Bubbe Teresa will be remembered in a memorial service in Los Angeles this week. Her given name was Pauline Weinstein Ledeen, and she died last month at the age of 97. For 40 years, Pauline Ledeen celebrated Passover, brought grandmotherly concern, everything but chicken soup, and maybe even that to Jewish inmates in California's jails and prisons.

Carrie Newman was one of those prisoners. She's now the alternative sentencing coordinator at Congregation Beit T'Shuvah, an addiction treatment center where Pauline Ledeen volunteered. And Carrie Newman joins us from Sun Valley, Idaho. Thanks very much for being with us.

Ms. CARRIE NEWMAN (Alternative Sentencing Coordinator, Congregation Beit T'Shuvah): Thank you.

SIMON: How did you meet her, may I ask?

Ms. NEWMAN: I met her once when I was myself going in and out of jail. I really got to know her after she helped to orchestrate my being able to go to Beit T'Shuvah to recover from my own addictions.

SIMON: May I ask what were you in and out of prison for?

Ms. NEWMAN: Mostly drug charges - all drug charges actually.

SIMON: Mm-hmm. How did she find the prisoners? I mean, do you put up a sign? Do you…

Ms. NEWMAN: No. And most Jewish prisoners don't identify right away because there is some anti-Semitism in the jails. She would sit at the Los Angeles County Jail poring over one of those old-fashioned computer printouts of 20,000 names then she would present a list to the social workers to go and check and see if these people that she found were Jewish and wanted Jewish services.

SIMON: When you say wanted Jewish services is that as simple as Jewish counseling, or is there something else involved?

Ms. NEWMAN: If they wanted to see the rabbi, if they wanted to attend any holiday services like Passover or High Holy Days, reaching out to families, many different things.

SIMON: What's a Passover like in prison?

Ms. NEWMAN: It was the highlight of being in such an awful place. And each Passover when I think about exodus from slavery, I recall that Passover in the Los Angeles County Jail.

SIMON: Can you give us some idea of what she was like when she visited people, what it was like to be with her, what she asked, how she was?

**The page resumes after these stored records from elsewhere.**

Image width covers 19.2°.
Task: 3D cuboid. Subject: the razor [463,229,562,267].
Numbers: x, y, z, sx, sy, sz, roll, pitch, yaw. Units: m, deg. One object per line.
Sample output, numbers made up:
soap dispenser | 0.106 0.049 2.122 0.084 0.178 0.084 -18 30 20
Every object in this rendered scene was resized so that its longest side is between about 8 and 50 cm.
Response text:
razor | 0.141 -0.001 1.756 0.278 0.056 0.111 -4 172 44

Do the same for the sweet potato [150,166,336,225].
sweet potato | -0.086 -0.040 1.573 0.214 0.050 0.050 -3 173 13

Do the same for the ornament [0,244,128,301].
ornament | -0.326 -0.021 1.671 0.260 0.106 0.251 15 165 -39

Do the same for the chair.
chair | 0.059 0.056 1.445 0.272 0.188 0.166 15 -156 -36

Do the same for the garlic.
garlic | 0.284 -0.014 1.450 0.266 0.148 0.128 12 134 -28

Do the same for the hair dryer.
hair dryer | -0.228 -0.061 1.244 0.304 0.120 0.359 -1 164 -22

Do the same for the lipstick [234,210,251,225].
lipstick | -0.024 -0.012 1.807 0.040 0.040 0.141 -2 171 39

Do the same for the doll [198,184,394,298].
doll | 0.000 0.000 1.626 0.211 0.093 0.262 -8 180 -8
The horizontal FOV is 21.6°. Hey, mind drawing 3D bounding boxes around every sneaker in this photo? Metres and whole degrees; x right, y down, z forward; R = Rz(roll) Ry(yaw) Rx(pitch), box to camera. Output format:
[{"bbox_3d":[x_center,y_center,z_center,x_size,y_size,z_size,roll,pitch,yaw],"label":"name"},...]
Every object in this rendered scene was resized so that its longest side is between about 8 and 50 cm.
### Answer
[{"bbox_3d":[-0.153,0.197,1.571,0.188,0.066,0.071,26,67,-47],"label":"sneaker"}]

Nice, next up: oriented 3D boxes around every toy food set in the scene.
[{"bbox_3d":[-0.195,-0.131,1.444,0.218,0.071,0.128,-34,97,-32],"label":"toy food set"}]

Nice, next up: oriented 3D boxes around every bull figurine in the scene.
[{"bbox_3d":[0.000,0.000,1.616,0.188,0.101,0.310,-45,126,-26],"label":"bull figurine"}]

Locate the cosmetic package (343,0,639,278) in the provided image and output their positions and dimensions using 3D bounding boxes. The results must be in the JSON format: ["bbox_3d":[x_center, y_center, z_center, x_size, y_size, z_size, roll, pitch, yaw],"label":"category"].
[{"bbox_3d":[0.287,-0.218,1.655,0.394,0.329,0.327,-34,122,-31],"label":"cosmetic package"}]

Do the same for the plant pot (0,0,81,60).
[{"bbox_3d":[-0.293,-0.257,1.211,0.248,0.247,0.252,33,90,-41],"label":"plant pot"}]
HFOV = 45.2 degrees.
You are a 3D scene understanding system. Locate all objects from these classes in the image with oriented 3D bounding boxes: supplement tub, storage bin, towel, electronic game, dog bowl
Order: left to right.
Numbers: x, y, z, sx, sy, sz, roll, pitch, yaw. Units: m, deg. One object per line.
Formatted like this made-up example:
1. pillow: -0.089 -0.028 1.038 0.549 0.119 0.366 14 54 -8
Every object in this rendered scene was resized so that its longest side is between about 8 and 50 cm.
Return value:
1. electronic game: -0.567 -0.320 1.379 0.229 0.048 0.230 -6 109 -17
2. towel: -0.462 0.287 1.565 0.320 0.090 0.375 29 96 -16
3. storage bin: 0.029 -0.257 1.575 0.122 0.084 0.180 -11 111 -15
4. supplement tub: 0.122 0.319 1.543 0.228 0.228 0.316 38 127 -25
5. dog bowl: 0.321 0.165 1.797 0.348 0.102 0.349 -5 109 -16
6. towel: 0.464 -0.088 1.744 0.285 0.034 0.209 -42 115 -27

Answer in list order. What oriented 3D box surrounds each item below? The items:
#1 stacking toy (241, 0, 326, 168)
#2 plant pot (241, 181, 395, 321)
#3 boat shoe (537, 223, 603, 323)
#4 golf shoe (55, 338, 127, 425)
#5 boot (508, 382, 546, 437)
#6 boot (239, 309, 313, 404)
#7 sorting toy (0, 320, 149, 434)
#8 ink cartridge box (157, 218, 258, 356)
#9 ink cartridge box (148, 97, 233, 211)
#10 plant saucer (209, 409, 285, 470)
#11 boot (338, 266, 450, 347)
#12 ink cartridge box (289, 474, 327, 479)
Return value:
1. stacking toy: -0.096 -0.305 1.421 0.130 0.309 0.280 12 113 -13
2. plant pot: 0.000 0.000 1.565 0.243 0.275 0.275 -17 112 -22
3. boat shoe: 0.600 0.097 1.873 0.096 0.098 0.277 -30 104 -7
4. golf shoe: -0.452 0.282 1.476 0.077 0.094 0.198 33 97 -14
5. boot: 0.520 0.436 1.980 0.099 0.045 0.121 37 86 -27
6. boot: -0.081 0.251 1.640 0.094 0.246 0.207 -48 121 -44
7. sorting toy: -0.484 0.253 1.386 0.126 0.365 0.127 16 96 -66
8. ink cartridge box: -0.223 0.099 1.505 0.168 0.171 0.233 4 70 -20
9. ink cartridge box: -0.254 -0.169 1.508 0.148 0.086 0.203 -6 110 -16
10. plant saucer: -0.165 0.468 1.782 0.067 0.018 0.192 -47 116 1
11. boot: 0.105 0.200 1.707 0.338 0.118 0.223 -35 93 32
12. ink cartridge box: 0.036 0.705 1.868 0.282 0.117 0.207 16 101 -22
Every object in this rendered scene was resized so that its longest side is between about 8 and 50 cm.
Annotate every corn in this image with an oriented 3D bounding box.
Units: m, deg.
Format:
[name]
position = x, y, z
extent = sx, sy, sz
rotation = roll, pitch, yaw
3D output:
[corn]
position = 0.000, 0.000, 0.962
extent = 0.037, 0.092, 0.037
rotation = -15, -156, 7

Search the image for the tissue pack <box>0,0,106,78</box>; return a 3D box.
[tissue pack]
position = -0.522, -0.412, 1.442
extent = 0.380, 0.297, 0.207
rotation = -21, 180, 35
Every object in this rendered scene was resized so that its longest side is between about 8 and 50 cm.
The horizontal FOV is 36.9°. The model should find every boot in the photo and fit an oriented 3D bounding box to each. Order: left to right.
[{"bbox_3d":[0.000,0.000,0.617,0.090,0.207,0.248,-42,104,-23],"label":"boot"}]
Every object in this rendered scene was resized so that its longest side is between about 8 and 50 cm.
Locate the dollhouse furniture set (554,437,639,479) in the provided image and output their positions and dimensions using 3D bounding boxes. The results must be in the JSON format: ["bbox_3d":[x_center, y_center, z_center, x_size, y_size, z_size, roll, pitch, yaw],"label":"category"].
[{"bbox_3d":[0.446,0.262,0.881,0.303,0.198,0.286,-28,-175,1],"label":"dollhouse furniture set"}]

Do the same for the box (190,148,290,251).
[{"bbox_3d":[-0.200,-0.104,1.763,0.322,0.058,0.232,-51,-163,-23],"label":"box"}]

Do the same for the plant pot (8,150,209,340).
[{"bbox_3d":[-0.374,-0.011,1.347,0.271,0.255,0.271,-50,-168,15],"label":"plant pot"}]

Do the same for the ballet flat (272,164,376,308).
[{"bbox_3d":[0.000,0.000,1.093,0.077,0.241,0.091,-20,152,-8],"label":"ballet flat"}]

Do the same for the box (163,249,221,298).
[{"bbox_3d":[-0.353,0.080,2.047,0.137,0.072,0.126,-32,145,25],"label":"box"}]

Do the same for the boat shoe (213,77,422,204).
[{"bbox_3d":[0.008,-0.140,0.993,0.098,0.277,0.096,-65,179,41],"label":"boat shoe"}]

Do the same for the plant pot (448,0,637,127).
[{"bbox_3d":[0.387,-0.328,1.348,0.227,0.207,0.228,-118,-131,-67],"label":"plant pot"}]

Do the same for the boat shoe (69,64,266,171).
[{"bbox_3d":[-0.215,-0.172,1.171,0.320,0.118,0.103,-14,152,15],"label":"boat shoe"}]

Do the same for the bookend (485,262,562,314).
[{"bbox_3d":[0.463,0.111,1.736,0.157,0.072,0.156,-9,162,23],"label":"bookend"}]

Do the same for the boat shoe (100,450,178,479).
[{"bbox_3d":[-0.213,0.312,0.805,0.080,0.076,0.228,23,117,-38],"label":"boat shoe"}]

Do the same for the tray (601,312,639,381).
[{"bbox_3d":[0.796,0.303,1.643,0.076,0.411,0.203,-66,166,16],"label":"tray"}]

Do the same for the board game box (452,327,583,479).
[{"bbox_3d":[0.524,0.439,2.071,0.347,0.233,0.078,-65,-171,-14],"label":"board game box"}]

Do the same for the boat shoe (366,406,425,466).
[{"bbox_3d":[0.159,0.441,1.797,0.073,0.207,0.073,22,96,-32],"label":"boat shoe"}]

Ms. NEWMAN: She was a surprise because when you are in jail, the visits you get are from attorneys and social workers also, but she was so grandmotherly. And she championed my recovery, and rooted me on as I went to college later to get my degree in criminology. Two, three weeks before she passed away, she was asking me when I was going back to get my masters.

SIMON: She continues to do this work into her late 90s.

Ms. NEWMAN: She supposedly retired last year at 96, but I know she was still corresponding with some of the inmates. One of the things I've heard said, if Judaism had saints, Pauline would be our patron saint.

SIMON: Carrie Newman is the alternative sentencing coordinator at Beit T'Shuvah in Los Angeles. Thanks very much for speaking with us.

Ms. NEWMAN: Thank you so much. It is an honor to speak of Pauline.

SIMON: Well, Pauline Ledeen's memorial service will be held at Beit T'Shuvah on Wednesday.